Now is this wholly down to the beans and does anyone know what are good coffee shop style beans? - or is it just lack of skill or poor grinder?


----------



## ChrisWalton (Mar 7, 2011)

Hey, what beans are you using at the moment? How are the espressos tasting? Crema isn't the be all and end all of good espresso. Its about getting the right extraction of the coffee. How long is the extraction for your espressos?


----------



## MonkeyHarris (Dec 3, 2010)

It's probably down to a few factors (the beans being one of them) If you really want to replicate a particular outlet you're best bet is to go into one of them and buy the beans they are currently using. Having said that if you're talking about a big chain like Starbucks then they probably wont be very fresh. Your grinder is not going to produce the same grind quality that you would get in a shop, which will affect flavour a hell of a lot. Another factor is I've found many of the chain coffee shops (Starbucks, Costa etc.) use way more milk than you are supposed to with lattes and cappucinos. Hence most of my friends who like this sort of coffee and try mine find it way too strong. Last time I tried a latte from Costa I couldn't drink it, as to me it just tasted like coffee flavoured milk.

Can you describe what's missing from you coffee (flavour wise) i.e is it too strong, acidic, sweet?


----------



## bono141 (Mar 1, 2011)

thanks for the replys

Using santos & java coffee beans at the moment from coffeebeanshop. The espressos I make tend to be stronger than my coffee shop and more bitter tasting. I'm going to ask my local what beans they use and see if i can get hold of some! Meanwhile I think its time so save for a new grinder!


----------



## MonkeyHarris (Dec 3, 2010)

I think a good grinder is the best place to start. If your shots are coming out very bitter this will improve with a better grinder but for now you could try cutting your shots a bit sooner, before any blonding appears i.e the flow turns watery and light in colour.


----------



## RolandG (Jul 25, 2010)

Strength is probably a result of a longer shot or different beans - the easiest (and most obvious







) solution to get the flavour you want is just to use only one of your two shots (assuming you have two spouts on your portafilter) or to add a greater volume of milk.

Bitterness could be caused by a few things - and even if the beans are prone to it, there are things you can do to reduce it.

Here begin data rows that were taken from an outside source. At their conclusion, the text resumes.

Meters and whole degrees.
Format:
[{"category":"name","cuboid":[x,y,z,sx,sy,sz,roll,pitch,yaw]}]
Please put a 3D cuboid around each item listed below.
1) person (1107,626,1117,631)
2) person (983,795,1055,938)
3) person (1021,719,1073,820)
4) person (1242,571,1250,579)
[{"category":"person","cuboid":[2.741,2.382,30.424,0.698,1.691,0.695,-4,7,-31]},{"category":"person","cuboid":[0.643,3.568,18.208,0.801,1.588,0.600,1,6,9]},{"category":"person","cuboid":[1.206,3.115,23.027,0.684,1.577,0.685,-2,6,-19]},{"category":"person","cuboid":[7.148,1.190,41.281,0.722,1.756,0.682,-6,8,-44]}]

It would be helpful to know:

1) How long it takes for your shot

2) What criteria you are using to decide when to stop the shot - colour? volume of coffee? time?

3) And speaking of which, how big (volume or mass) is your shot?

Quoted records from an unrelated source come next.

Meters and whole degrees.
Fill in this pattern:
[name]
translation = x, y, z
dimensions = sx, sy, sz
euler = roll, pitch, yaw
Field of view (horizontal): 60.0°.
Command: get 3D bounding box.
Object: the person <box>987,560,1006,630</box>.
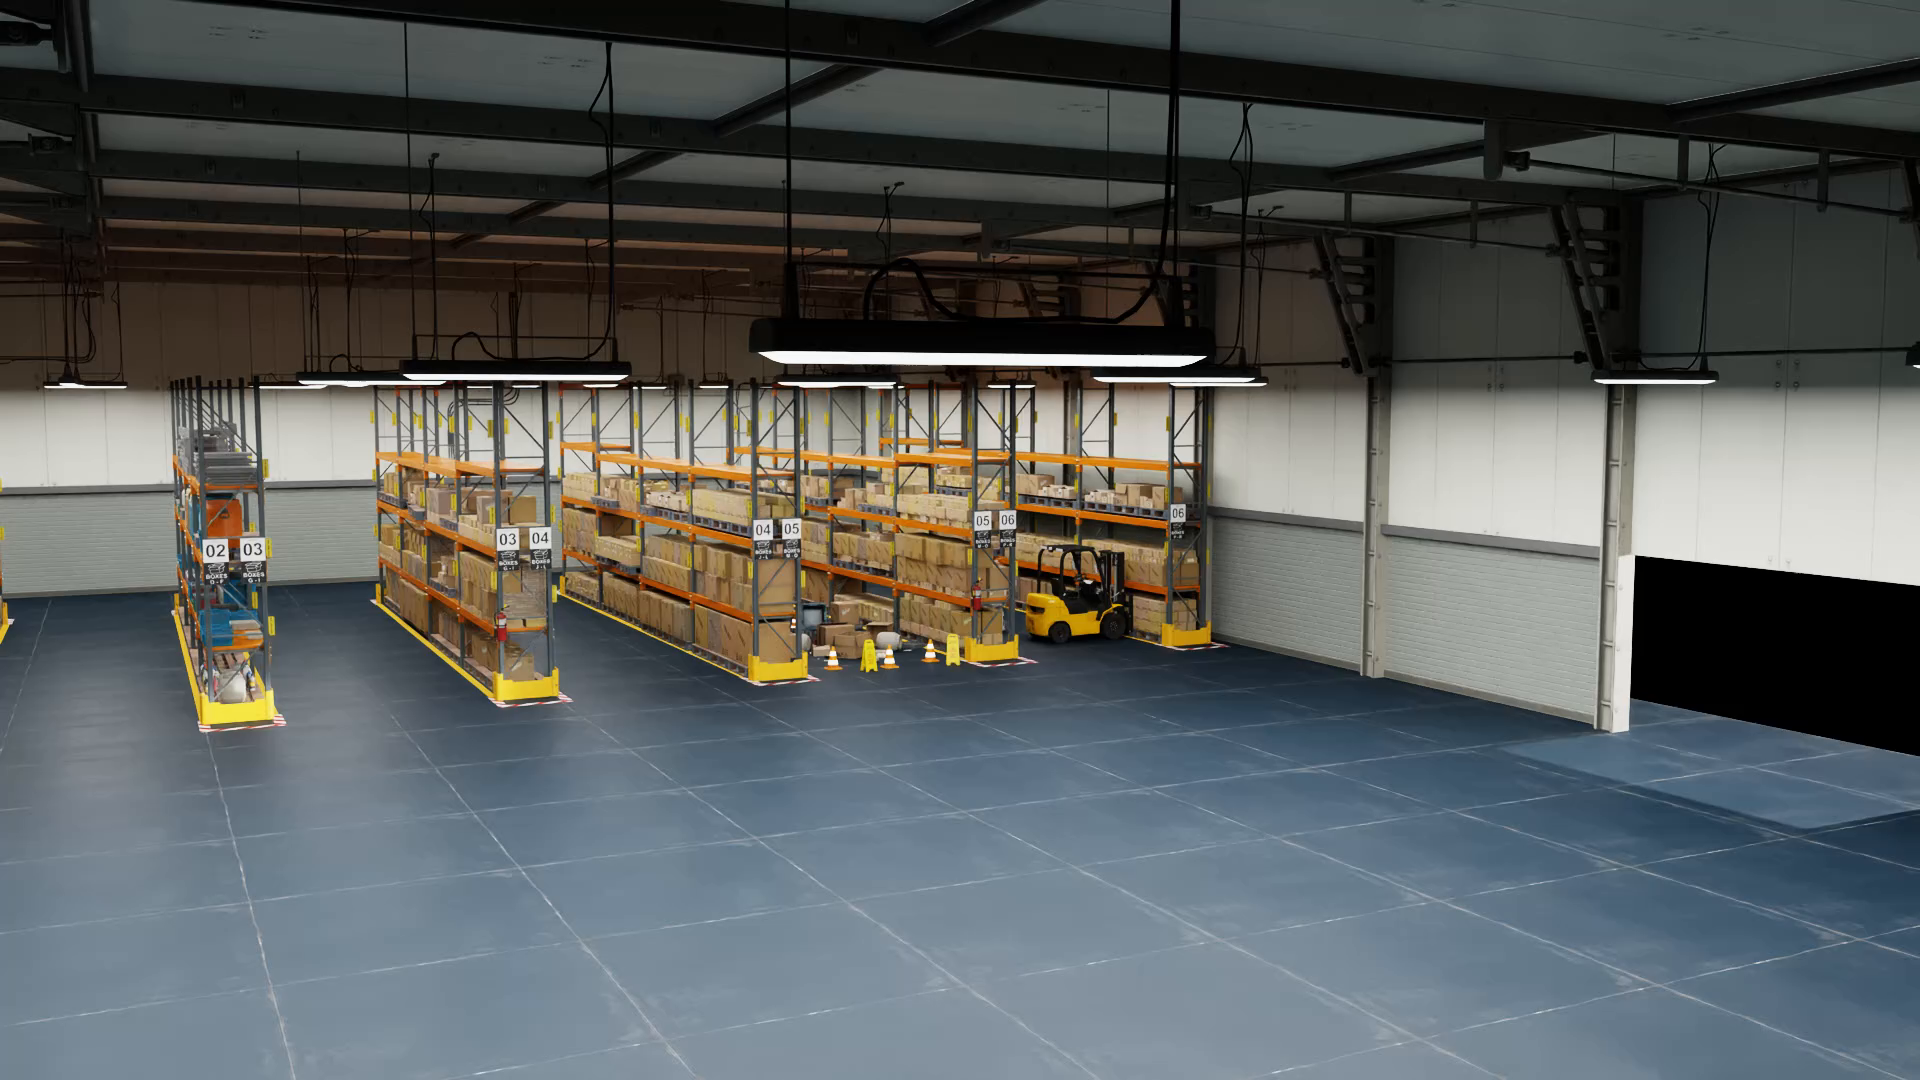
[person]
translation = 0.891, 1.325, 40.172
dimensions = 0.699, 1.668, 0.774
euler = -3, 6, -27

4) And finally, how much ground coffee are you putting in your basket?


----------



## Glenn (Jun 14, 2008)

Roland summed this up nicely

No probs with the beans themselves. It all comes down to extraction


----------



## bono141 (Mar 1, 2011)

Just to let you know, Im overfilling the basket with grounds, levelling & tamping, A shot is lasting between -20-30 secs & I stop when my double espresso syle shot glass is filled to the marker (i fill two up at the same time). I may be making decent espresso but I'm a newbie and I might not be used to 'proper coffee' (i am a costa fan afterall!)


----------



## MonkeyHarris (Dec 3, 2010)

bono141 said:


> I stop when my double espresso syle shot glass is filled to the marker (i fill two up at the same time)


Sorry if I've miss read this but are you pouring 2 doubles at the same time? i.e 4oz?

Apart from that possible problem it sounds like you're doing the basics correctly. From then on in it starts to get a bit more complicated. This is like the point in the Matrix where you decided if you want to go down the rabbit hole







but if it helps I started off like yourself and have been trying to iron out one issue at a time in search of the perfect espresso. Somedays I get them now but I suspect it will be many years before I can stop calling myself a novice. At the moment I just go by my own taste. I usually keep the amount of beans the same and try a ristretto style shot vs an espresso and then go with what I like the taste of most. Your pallet will quickly learn to appreciate the subtle differences. Even my wife who was a Costa lover has converted


----------



## BanishInstant (Oct 12, 2009)

It might be worth either:

a) Weighing the beans before putting them in the grinder - there may be some loss but at least you will get some consistency, or

b) Weigh the grounds before pouring into the PF, or

c) Weigh the PF and zero your scales, fill PF with coffee from the grinder, re-weigh the PF to determine the difference and hence how much ground coffee being used.


----------



## RolandG (Jul 25, 2010)

As Banish mentions, weighing your dose might be helpful







I'm assuming (please correct me if I'm wrong someone!) that your Gaggia Baby Class baskets are the same size as my Gaggia Classic baskets - which probably means your using about 18g of dry coffee at a guess. It might be worth trying a little less (16g - ish?).

Anyway, the main thing I would suggest would be to try using colour (blonding) to stop the shot, and compare the taste. One thing you could try immediately would be to start a shot normally. Watch the flow of coffee coming from the spouts. When the flow has gone from dark brown to an entirely pale colour (with NO dark stripes left, or anything similar), the shot has "blonded" - at this point you'll also see the streams of coffee start to pull inwards rather than dropping vertically. At this point, pull one of the espresso glasses away (noting the time). Stop the shot when the remaining glass is at the marker.

This would give you too espressos to try in contrast with each other - one stopped at blonding, the other at the volume marker. Compare the taste and see which you prefer - it's worth a go even if you aren't an espresso drinker, but you could always put them into small cups and add a little milk to each if you prefer - as long as you treat them the same









If you decide you prefer the shot stopped at blonding, go back to adjusting grind so that the blonding occurs in the 20 - 30s area, and see what you think. It's all about playing really


----------



## bono141 (Mar 1, 2011)

I think it may be that my shots are blonding after only a few seconds. This is probably what is making my espresso Taste bitter. I think Roland may be onto something! So would I need to grind finer or coarser to delay blonding? Really appreciating your help with this folks. Learning all the time!


----------



## lookseehear (Jul 16, 2010)

If your shots are blonding quickly you could try updosing a bit? If your distribution isn't good then it could be nothing to do with your dose, but you'll only tell that with a bottomless portafilter I guess.

Sent from my HTC Desire using Tapatalk


----------



## RolandG (Jul 25, 2010)

bono141 said:


> I think Roland may be onto something!


Ha! Had to happen eventually









To delay the blonding, grind finer. The coffee should look almost syrupy as it comes out of the spouts.


----------